Yes, it's not pretty. All it does is keep a list of prime numbers already found and see if the candidate is a factor of any of them.

It implements two basic optimization:

  • After 2, there are no more even primes, so starting at 3 it adds 2 to the next number to test for primeness.
  • It doesn't have to check all previously found prime numbers, only prime numbers that are < sqrt(p).

It uses the handy Queue code from Eric Kidd. So before any optimization is really done other than the simplest algorithmic optimizations, we'll benchmark it.

The profiling has:
 Sun Jun  8 00:14 2008 Time and Allocation Profiling Report  (Final)

10 +RTS -P -s10.stats -RTS

total time = 3.80 secs (190 ticks @ 20 ms)
total alloc = 532,086,816 bytes (excludes profiling overheads)

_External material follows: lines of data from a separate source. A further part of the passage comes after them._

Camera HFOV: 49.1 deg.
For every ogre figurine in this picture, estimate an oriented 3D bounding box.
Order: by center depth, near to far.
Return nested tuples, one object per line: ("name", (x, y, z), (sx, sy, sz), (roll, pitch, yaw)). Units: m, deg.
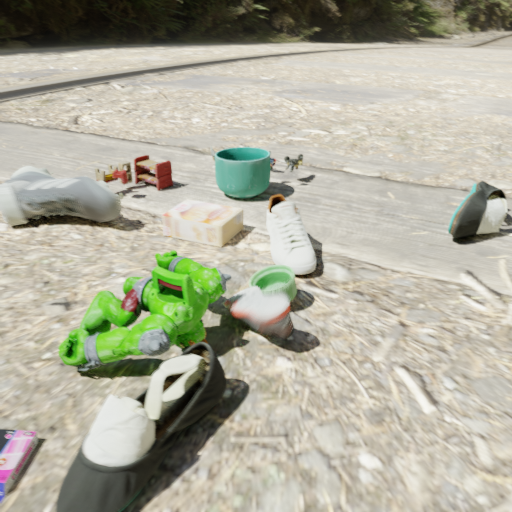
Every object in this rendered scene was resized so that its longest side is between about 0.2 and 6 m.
("ogre figurine", (-1.500, 0.758, 8.314), (1.599, 1.308, 2.666), (3, 12, 33))

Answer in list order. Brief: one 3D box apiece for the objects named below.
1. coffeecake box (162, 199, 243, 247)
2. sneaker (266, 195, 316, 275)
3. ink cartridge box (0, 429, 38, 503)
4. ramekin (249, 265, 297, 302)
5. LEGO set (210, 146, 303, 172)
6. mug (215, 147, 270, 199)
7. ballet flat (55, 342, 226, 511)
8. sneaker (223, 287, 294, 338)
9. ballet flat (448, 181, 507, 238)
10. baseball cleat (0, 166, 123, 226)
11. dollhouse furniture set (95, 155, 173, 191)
("coffeecake box", (-1.141, -0.730, 12.103), (1.406, 0.514, 1.079), (11, 29, 21))
("sneaker", (0.584, -0.481, 10.935), (0.776, 0.902, 2.132), (-13, 37, -10))
("ink cartridge box", (-2.904, 2.376, 6.302), (0.476, 0.186, 1.005), (3, 29, 5))
("ramekin", (0.304, 0.524, 9.445), (0.792, 0.387, 0.792), (-14, 29, 8))
("LEGO set", (-0.054, -2.504, 15.455), (2.703, 0.766, 1.755), (21, 29, 35))
("mug", (-0.312, -2.128, 14.282), (1.400, 1.054, 1.704), (4, 25, 10))
("ballet flat", (-1.298, 1.852, 6.493), (0.918, 0.923, 2.699), (13, 30, 25))
("sneaker", (0.025, 0.943, 8.655), (0.629, 0.669, 1.634), (-30, 18, -20))
("ballet flat", (5.001, -1.038, 12.315), (0.945, 0.940, 2.764), (21, 33, 22))
("baseball cleat", (-4.581, -1.114, 12.559), (3.302, 1.151, 1.757), (14, 45, 32))
("dollhouse furniture set", (-3.115, -2.013, 14.421), (0.950, 0.718, 1.766), (21, 33, 35))
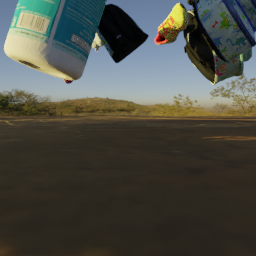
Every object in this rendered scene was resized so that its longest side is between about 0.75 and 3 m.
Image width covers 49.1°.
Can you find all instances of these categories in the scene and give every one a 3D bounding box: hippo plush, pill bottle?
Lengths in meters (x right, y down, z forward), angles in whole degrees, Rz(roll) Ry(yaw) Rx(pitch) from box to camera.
[{"bbox_3d":[-1.433,-4.232,13.369,1.191,0.948,0.957,-18,16,32],"label":"hippo plush"},{"bbox_3d":[-1.325,-2.634,5.857,1.650,2.978,1.650,19,0,0],"label":"pill bottle"}]

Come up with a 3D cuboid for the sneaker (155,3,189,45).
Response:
[{"bbox_3d":[1.414,-3.378,9.419,0.811,0.702,1.796,-27,-16,-21],"label":"sneaker"}]

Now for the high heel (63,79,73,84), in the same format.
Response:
[{"bbox_3d":[-1.421,-2.382,7.954,1.259,2.624,0.884,-18,-40,9],"label":"high heel"}]

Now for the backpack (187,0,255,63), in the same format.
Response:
[{"bbox_3d":[2.555,-2.786,7.072,1.450,1.806,1.974,-31,30,31],"label":"backpack"}]

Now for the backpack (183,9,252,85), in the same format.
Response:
[{"bbox_3d":[3.335,-3.108,10.443,2.169,2.558,2.881,-15,39,7],"label":"backpack"}]

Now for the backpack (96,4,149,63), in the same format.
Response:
[{"bbox_3d":[-0.304,-2.388,6.925,1.068,1.309,1.006,-40,7,-4],"label":"backpack"}]
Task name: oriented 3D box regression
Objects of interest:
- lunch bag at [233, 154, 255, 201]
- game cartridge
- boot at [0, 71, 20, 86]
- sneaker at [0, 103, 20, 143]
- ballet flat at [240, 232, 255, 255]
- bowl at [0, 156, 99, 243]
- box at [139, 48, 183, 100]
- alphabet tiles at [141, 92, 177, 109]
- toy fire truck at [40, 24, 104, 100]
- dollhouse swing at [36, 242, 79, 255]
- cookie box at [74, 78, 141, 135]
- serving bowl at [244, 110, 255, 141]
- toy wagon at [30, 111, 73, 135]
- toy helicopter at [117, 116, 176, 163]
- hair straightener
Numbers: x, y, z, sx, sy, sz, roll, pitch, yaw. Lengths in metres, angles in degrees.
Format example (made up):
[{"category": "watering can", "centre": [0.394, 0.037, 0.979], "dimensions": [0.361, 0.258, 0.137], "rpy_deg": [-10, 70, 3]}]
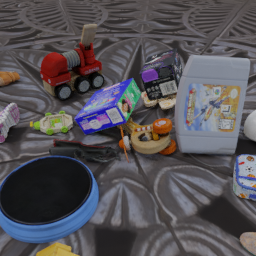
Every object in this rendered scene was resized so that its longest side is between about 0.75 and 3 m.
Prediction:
[{"category": "lunch bag", "centre": [3.799, 1.443, 7.629], "dimensions": [1.754, 0.663, 1.405], "rpy_deg": [9, 38, 14]}, {"category": "game cartridge", "centre": [2.452, -0.637, 8.503], "dimensions": [1.990, 2.988, 0.621], "rpy_deg": [1, 15, -8]}, {"category": "boot", "centre": [-5.980, -2.560, 13.340], "dimensions": [1.237, 0.611, 1.594], "rpy_deg": [-25, 43, -30]}, {"category": "sneaker", "centre": [-4.571, -0.238, 9.967], "dimensions": [0.866, 0.788, 1.958], "rpy_deg": [-3, 35, 10]}, {"category": "ballet flat", "centre": [3.407, 2.627, 5.925], "dimensions": [1.930, 0.649, 0.657], "rpy_deg": [20, 40, 27]}, {"category": "bowl", "centre": [-2.109, 1.700, 7.367], "dimensions": [2.632, 0.517, 2.632], "rpy_deg": [0, 35, 0]}, {"category": "box", "centre": [1.457, -2.275, 11.604], "dimensions": [1.389, 1.205, 2.273], "rpy_deg": [-12, 27, 21]}, {"category": "alphabet tiles", "centre": [1.858, -1.528, 11.617], "dimensions": [2.581, 0.188, 2.525], "rpy_deg": [-16, 29, 1]}, {"category": "toy fire truck", "centre": [-2.266, -2.918, 11.792], "dimensions": [2.613, 2.969, 1.910], "rpy_deg": [-25, 41, -31]}, {"category": "dollhouse swing", "centre": [-1.399, 3.094, 5.664], "dimensions": [0.974, 0.942, 1.072], "rpy_deg": [-35, 27, 25]}, {"category": "cookie box", "centre": [-0.656, -0.817, 10.127], "dimensions": [1.792, 0.787, 2.095], "rpy_deg": [-16, 27, 28]}, {"category": "serving bowl", "centre": [5.134, -0.287, 9.374], "dimensions": [2.379, 0.783, 2.379], "rpy_deg": [-10, 20, 4]}, {"category": "toy wagon", "centre": [-2.785, -0.161, 10.214], "dimensions": [1.490, 0.295, 1.156], "rpy_deg": [-9, 36, -12]}, {"category": "toy helicopter", "centre": [0.265, 0.213, 9.373], "dimensions": [1.716, 1.023, 2.595], "rpy_deg": [-27, 32, -20]}, {"category": "hair straightener", "centre": [-1.363, 0.870, 8.716], "dimensions": [2.311, 0.473, 0.889], "rpy_deg": [9, 36, 5]}]

COST CENTRE MODULE %time %alloc ticks bytes

sweep Prime.PrimeList3 82.6 77.3 157 102850044
limit Prime.PrimeList3 15.8 18.4 30 24537068
nextPrimes Prime.PrimeList3 0.5 1.1 1 1491443
main Main 0.5 1.4 1 1851678
extendedList Prime.PrimeList3 0.0 1.1 0 1502535


individual inherited
COST CENTRE MODULE no. entries %time %alloc %time %alloc ticks bytes

MAIN MAIN 1 0 0.0 0.0 100.0 100.0 0 152
main Main 174 1 0.0 0.0 0.0 0.0 0 8792
CAF Main 168 3 0.0 0.0 0.5 1.4 0 24
main Main 175 0 0.5 1.4 0.5 1.4 1 7397920
CAF GHC.Num 156 1 0.0 0.0 0.0 0.0 0 104
CAF GHC.Handle 120 4 0.0 0.0 0.0 0.0 0 8620
CAF Prime.PrimeList3 95 4 0.0 0.0 99.5 98.6 0 32
primeList Prime.PrimeList3 176 1 0.0 0.0 99.5 98.6 0 12
enq Prime.Queue 183 1 0.0 0.0 0.0 0.0 0 24
nextPrimes Prime.PrimeList3 177 156994 0.5 1.1 99.5 98.6 1 5965772
sweep Prime.PrimeList3 179 500000 82.6 77.3 98.4 96.9 157 411400176
extendedList Prime.PrimeList3 181 500169 0.0 1.1 0.0 1.1 0 6010140
deq Prime.Queue 184 169 0.0 0.0 0.0 0.0 0 13856
empty Prime.Queue 182 169 0.0 0.0 0.0 0.0 0 0
limit Prime.PrimeList3 180 500000 15.8 18.4 15.8 18.4 30 98148272
enq Prime.Queue 178 78207 0.5 0.6 0.5 0.6 1 3132920


Not surprisingly, the function that does a square root and type conversion is rather expensive in time as well as space (15.8% of the time and 18.4% in space). The biggest factor though is the sweep function. Nothing jumps out as a problem in sweep, but we can fix the limit problem by doing the comparison. Instead of x>sqrt(y), we can do (x*x)>y:
extendedList :: Int -> PrimeCache -> PrimeCache
extendedList limit (l@(x:_), q) | (x*x)>=limit || empty q -- n to the square rather then x to root(n)
= (l, q)
| otherwise
= extendedList limit (min:l, newSet)
where
(min, newSet) = deq q

limit n=n


Now for the profile:

 Sun Jun  8 00:43 2008 Time and Allocation Profiling Report  (Final)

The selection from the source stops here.